# Exercise: Analyzing Chinook Database

Preparation I've done:
 - Retrieve the dataset and load it
 - Load the %sql extension and point it at the database
 - Display the tables and an example query

Additional steps you might take:
 - Add libraries for visualization (matplotlib, seaborn, plotly)
 - Add libraries for statistics (numpy)
 - Explore the dataset using SQL and/or pandas

----

1. Retrieve a list of all the tracks in the database, displaying only the track name and the name of the album it belongs to. Limit the result to the first 5 rows.
   > Operations: `SELECT`
2. Find the total number of customers from each country. Display the country name and the corresponding count. Order the results by the count in descending order.
   > Operations: `SELECT`, `COUNT`, `GROUP BY`, `ORDER BY`
3. Identify the top 5 genres with the highest number of tracks. Display the genre name along with the total number of tracks for each genre.
   > Operations: `SELECT`, `COUNT`, `GROUP BY`, `ORDER BY`
4. Determine the average invoice total for each customer, considering both the album and individual track purchases. Display the customer's first and last name along with the average invoice total.
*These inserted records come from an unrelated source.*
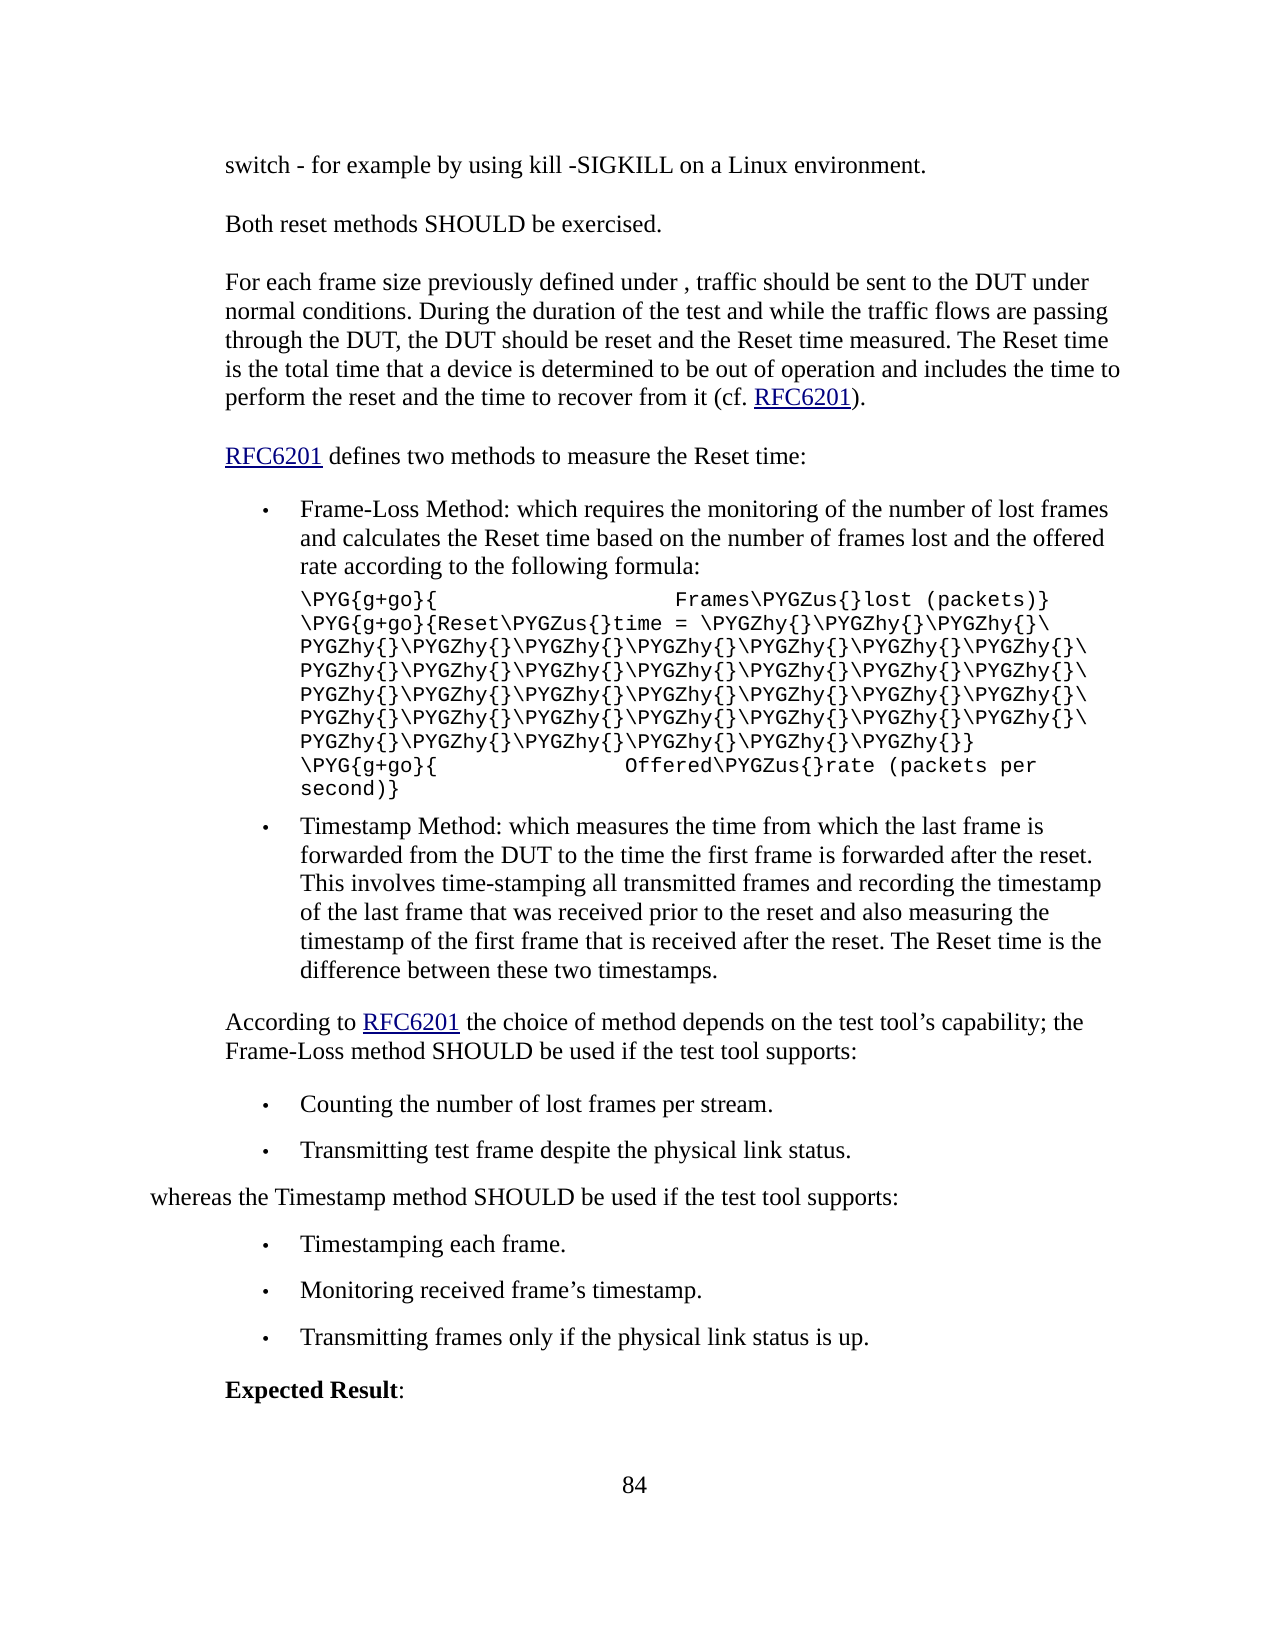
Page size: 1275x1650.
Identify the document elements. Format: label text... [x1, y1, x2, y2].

list \PYG{g+go}{ Frames\PYGZus{}lost (packets)} [262, 589, 1125, 613]
list Transmitting test frame despite the physical link status. [262, 1136, 1125, 1164]
text Both reset methods SHOULD be exercised. [225, 209, 1125, 237]
list Counting the number of lost frames per stream. [262, 1089, 1125, 1118]
text According to RFC6201 the choice of method depends on the test tool’s capability; the Frame-Loss method SHOULD be used if the test tool supports: [225, 1007, 1125, 1065]
list Frame-Loss Method: which requires the monitoring of the number of lost frames and calculates the Reset time based on the number of frames lost and the offered rate according to the following formula: [262, 494, 1125, 580]
list Transmitting frames only if the physical link status is up. [262, 1322, 1125, 1351]
list \PYG{g+go}{Reset\PYGZus{}time = \PYGZhy{}\PYGZhy{}\PYGZhy{}\PYGZhy{}\PYGZhy{}\PYGZhy{}\PYGZhy{}\PYGZhy{}\PYGZhy{}\PYGZhy{}\PYGZhy{}\PYGZhy{}\PYGZhy{}\PYGZhy{}\PYGZhy{}\PYGZhy{}\PYGZhy{}\PYGZhy{}\PYGZhy{}\PYGZhy{}\PYGZhy{}\PYGZhy{}\PYGZhy{}\PYGZhy{}\PYGZhy{}\PYGZhy{}\PYGZhy{}\PYGZhy{}\PYGZhy{}\PYGZhy{}\PYGZhy{}\PYGZhy{}\PYGZhy{}\PYGZhy{}\PYGZhy{}\PYGZhy{}\PYGZhy{}} [262, 613, 1125, 755]
text whereas the Timestamp method SHOULD be used if the test tool supports: [150, 1182, 1125, 1211]
text For each frame size previously defined under , traffic should be sent to the DUT under normal conditions. During the duration of the test and while the traffic flows are passing through the DUT, the DUT should be reset and the Reset time measured. The Reset time is the total time that a device is determined to be out of operation and includes the time to perform the reset and the time to recover from it (cf. RFC6201). [225, 267, 1125, 411]
list Timestamping each frame. [262, 1229, 1125, 1258]
text switch - for example by using kill -SIGKILL on a Linux environment. [225, 150, 1125, 179]
list Monitoring received frame’s timestamp. [262, 1276, 1125, 1304]
list \PYG{g+go}{ Offered\PYGZus{}rate (packets per second)} [262, 755, 1125, 802]
text Expected Result: [225, 1375, 1125, 1404]
text RFC6201 defines two methods to measure the Reset time: [225, 441, 1125, 470]
list Timestamp Method: which measures the time from which the last frame is forwarded from the DUT to the time the first frame is forwarded after the reset. This involves time-stamping all transmitted frames and recording the timestamp of the last frame that was received prior to the reset and also measuring the timestamp of the first frame that is received after the reset. The Reset time is the difference between these two timestamps. [262, 811, 1125, 983]

Order the results by the average invoice total in descending order.
   > Operations: `SELECT`, `AVG`, `JOIN`, `GROUP BY`, `ORDER BY`
5. Identify the customer who spent the most on music purchases. Display the customer's first and last name, along with the total amount spent.
   > Operations: `SELECT`, `SUM`, `JOIN`, `GROUP BY`, `ORDER BY`, `LIMIT`

In [1]:
# Load chinook dataset and query it using SQL magic into pandas dataframes
import pandas as pd
import sqlite3
%load_ext sql

# Load data
conn = sqlite3.connect("chinook.sqlite")

# Tell %sql about the database
%sql sqlite:///chinook.sqlite

# List tables in database
query = "SELECT name FROM sqlite_master WHERE type='table';"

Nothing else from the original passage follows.